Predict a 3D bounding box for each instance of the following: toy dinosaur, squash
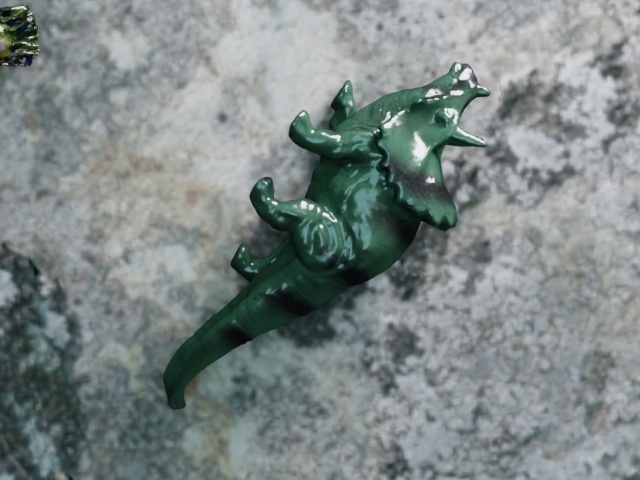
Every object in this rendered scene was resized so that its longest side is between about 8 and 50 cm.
[{"bbox_3d":[-0.010,-0.015,0.930,0.292,0.079,0.120,-35,91,1],"label":"toy dinosaur"},{"bbox_3d":[-0.275,-0.140,0.926,0.184,0.052,0.052,9,90,-7],"label":"squash"}]
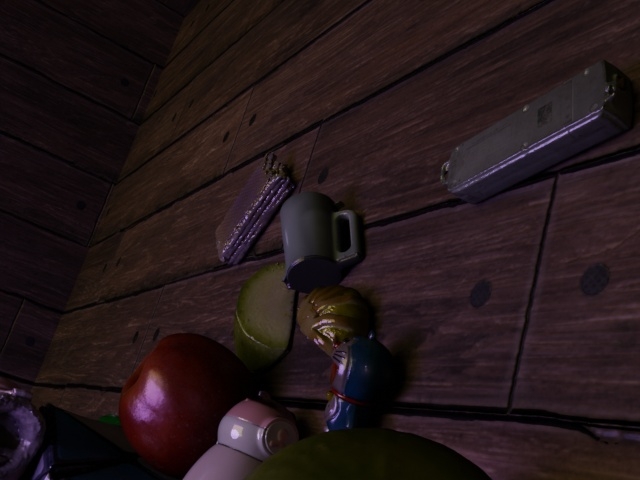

_ _ _

**INSTRUCTIONS FOR THE TASK**
Using the listing above, set down exactly each line from the one containing "Every object in" through the final line, and leave out pictures.

**TASK SOLUTION**
Every object in this rendered scene was resized so that its longest side is between about 8 and 50 cm.
[{"bbox_3d":[-0.010,-0.015,0.930,0.292,0.079,0.120,-35,91,1],"label":"toy dinosaur"},{"bbox_3d":[-0.275,-0.140,0.926,0.184,0.052,0.052,9,90,-7],"label":"squash"}]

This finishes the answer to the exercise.